# [Provided entries]
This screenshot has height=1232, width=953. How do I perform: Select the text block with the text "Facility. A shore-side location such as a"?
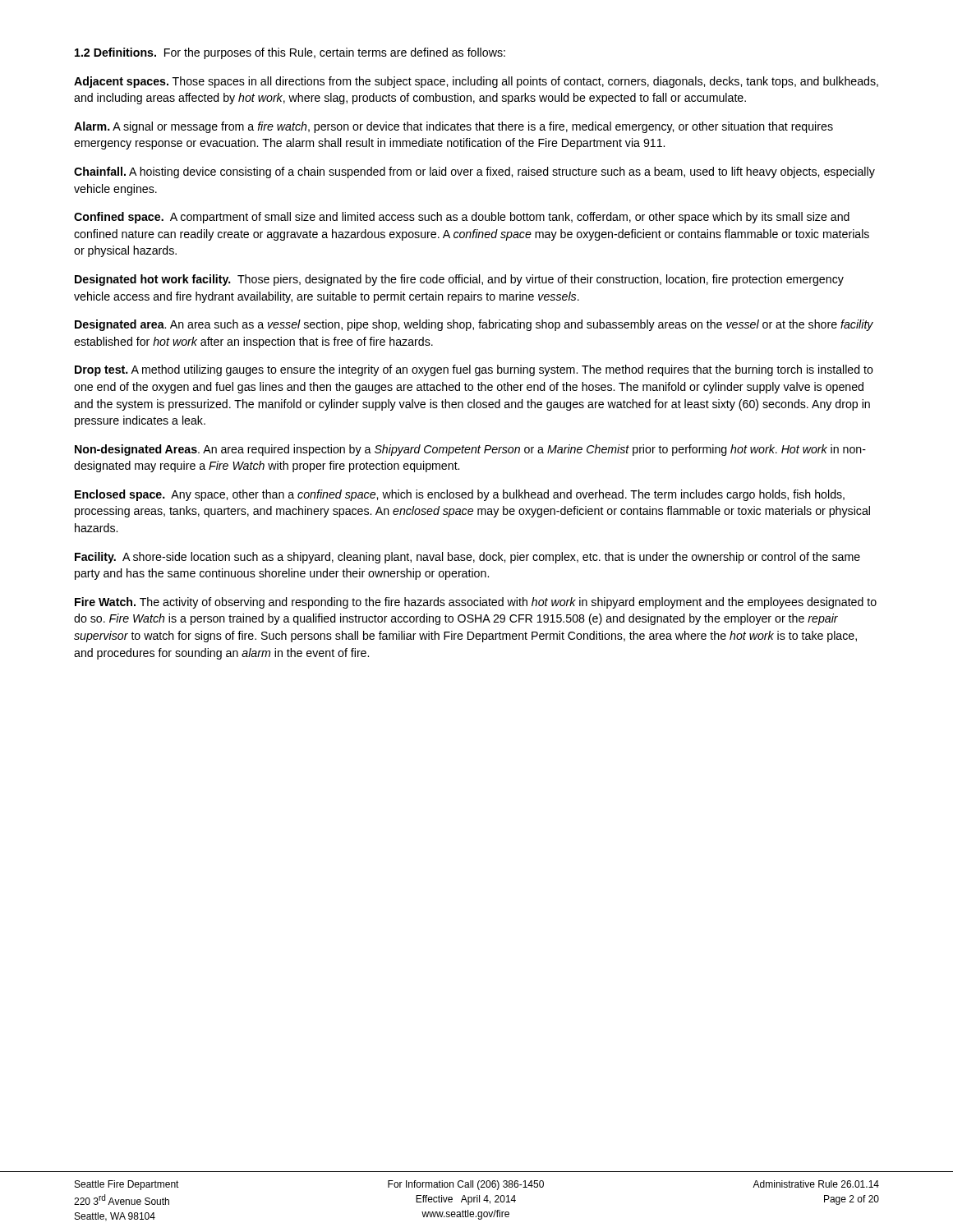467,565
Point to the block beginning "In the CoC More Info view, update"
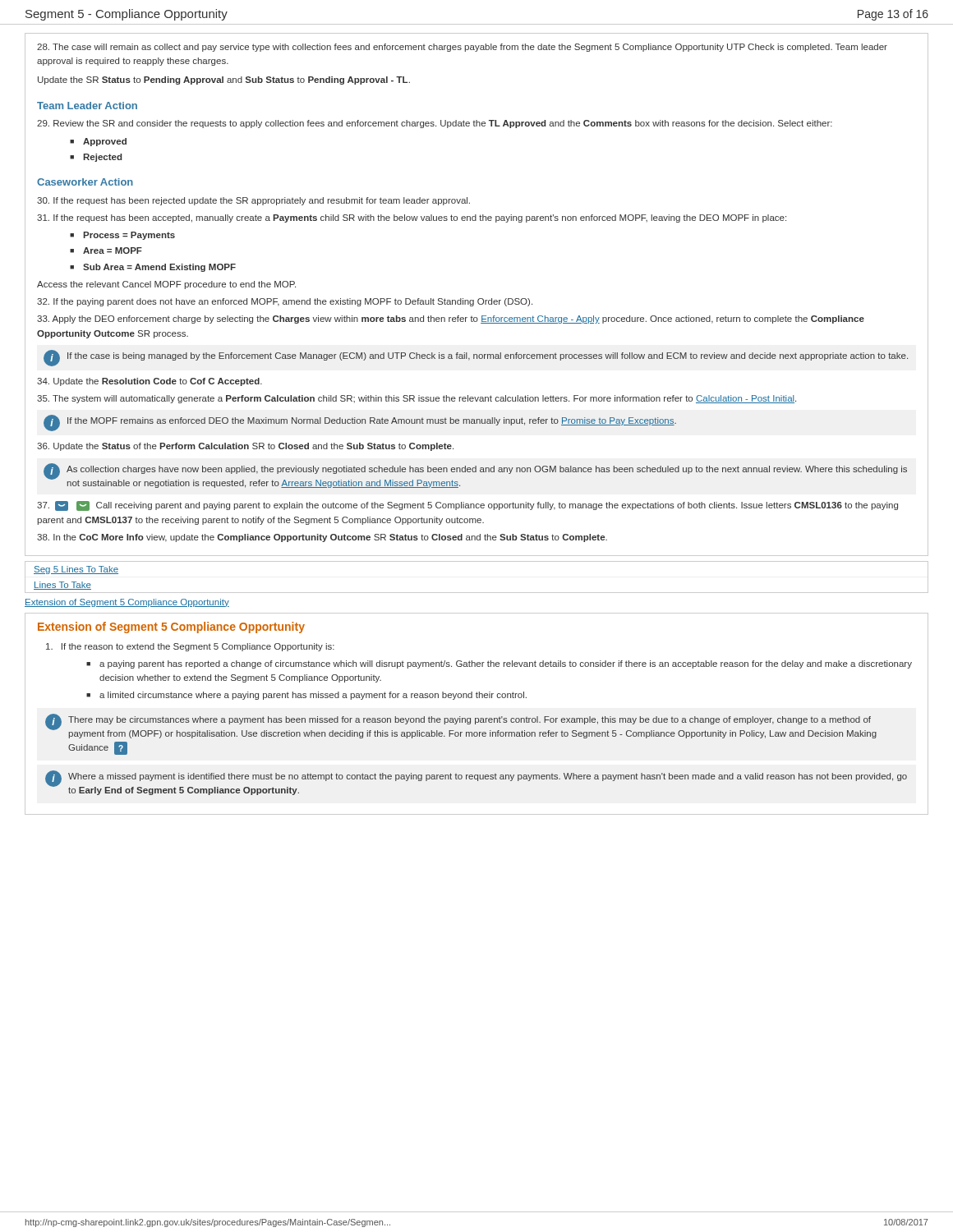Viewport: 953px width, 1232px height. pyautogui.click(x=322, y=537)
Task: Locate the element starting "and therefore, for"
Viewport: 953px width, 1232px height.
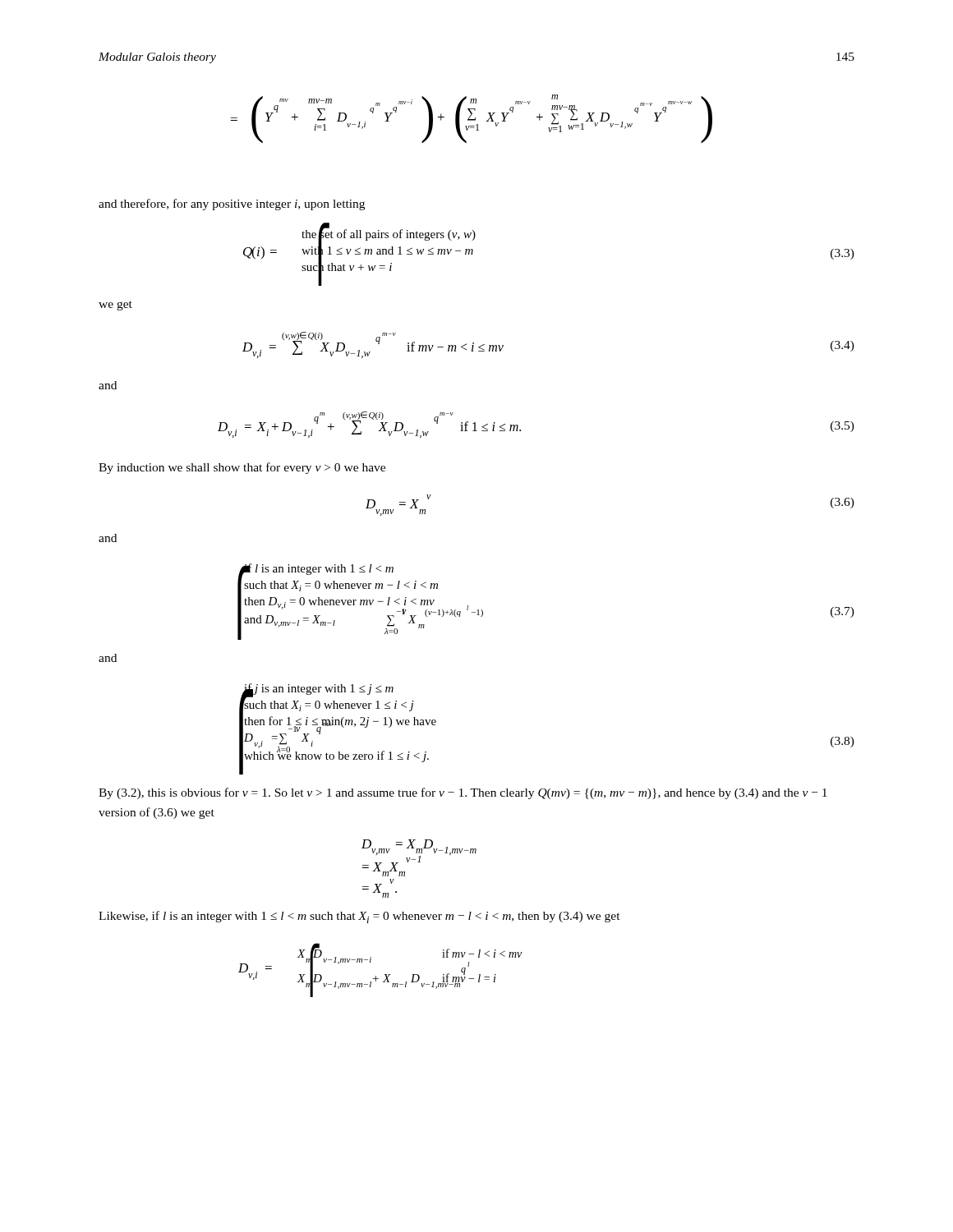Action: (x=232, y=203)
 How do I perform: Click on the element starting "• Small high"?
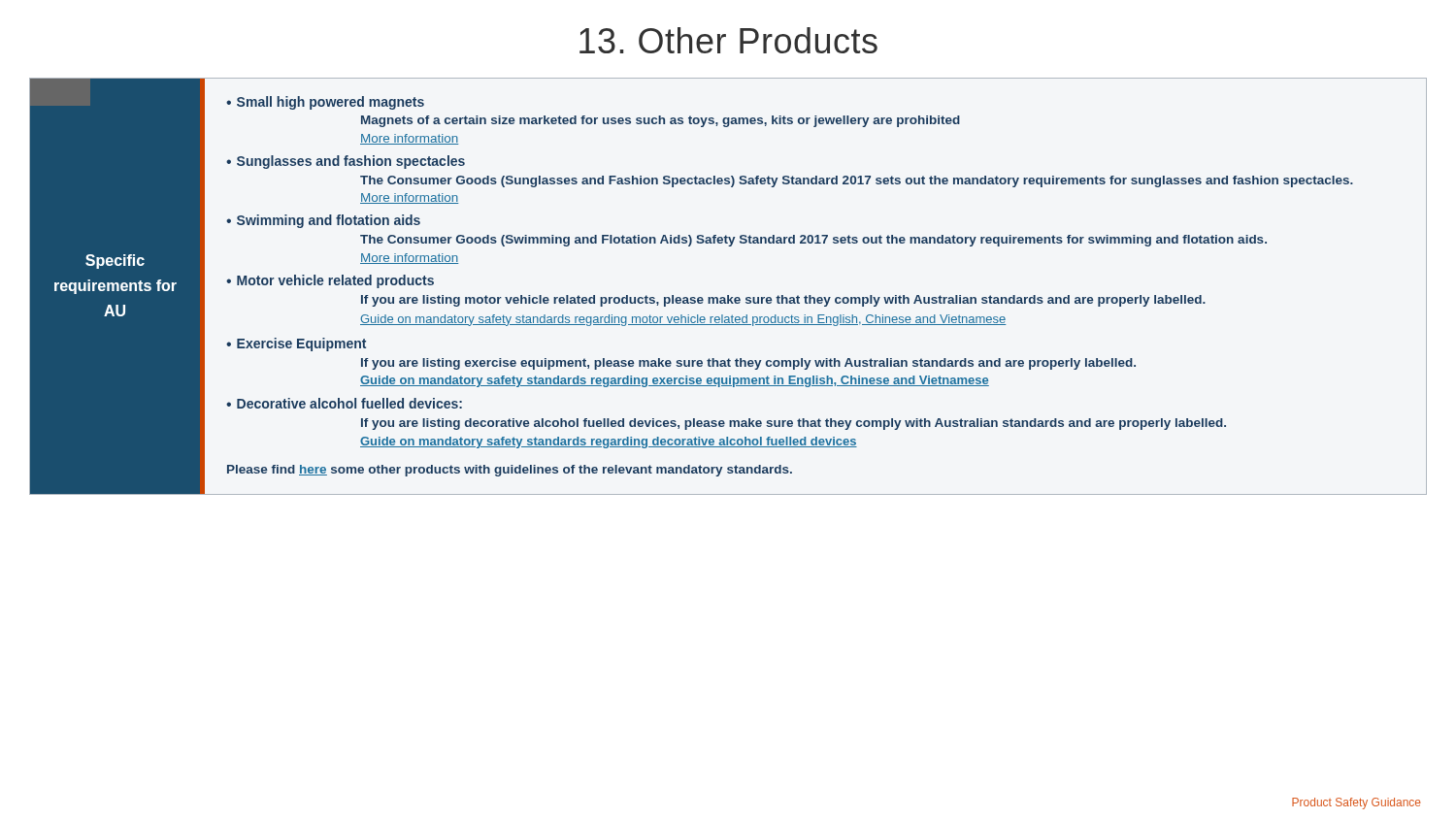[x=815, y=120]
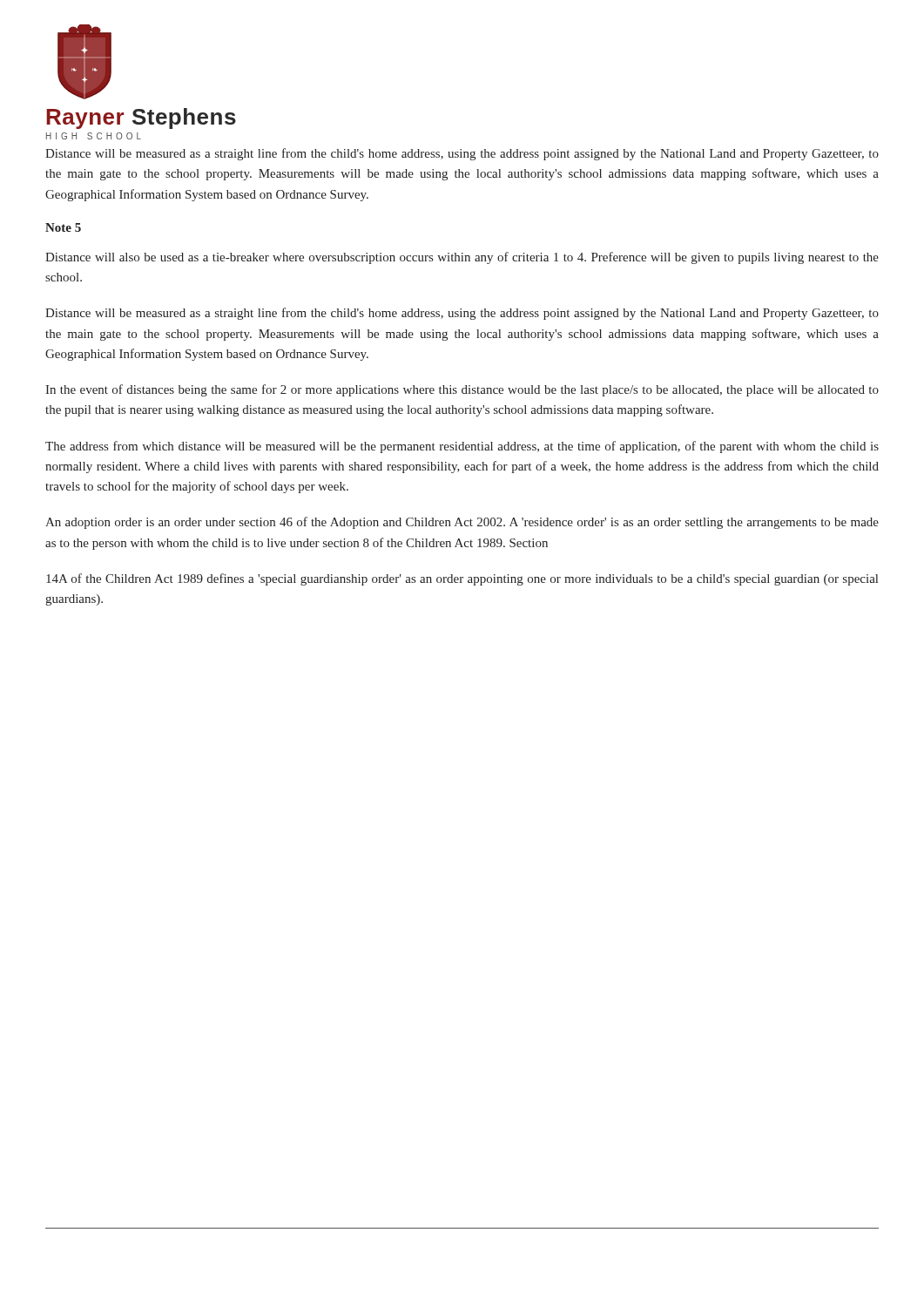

# [Aim of the exercise]
Please write out exactly the lines from the one containing "Point to the" through the last line of the records above, and leave out any pictures.

# [Output of the exercise]
Point to the block beginning "In the CoC More Info view, update"
Viewport: 953px width, 1232px height. pyautogui.click(x=322, y=537)
Task: Locate the element starting "and therefore, for"
Viewport: 953px width, 1232px height.
Action: (x=232, y=203)
 How do I perform: Click on the element starting "• Small high"?
[x=815, y=120]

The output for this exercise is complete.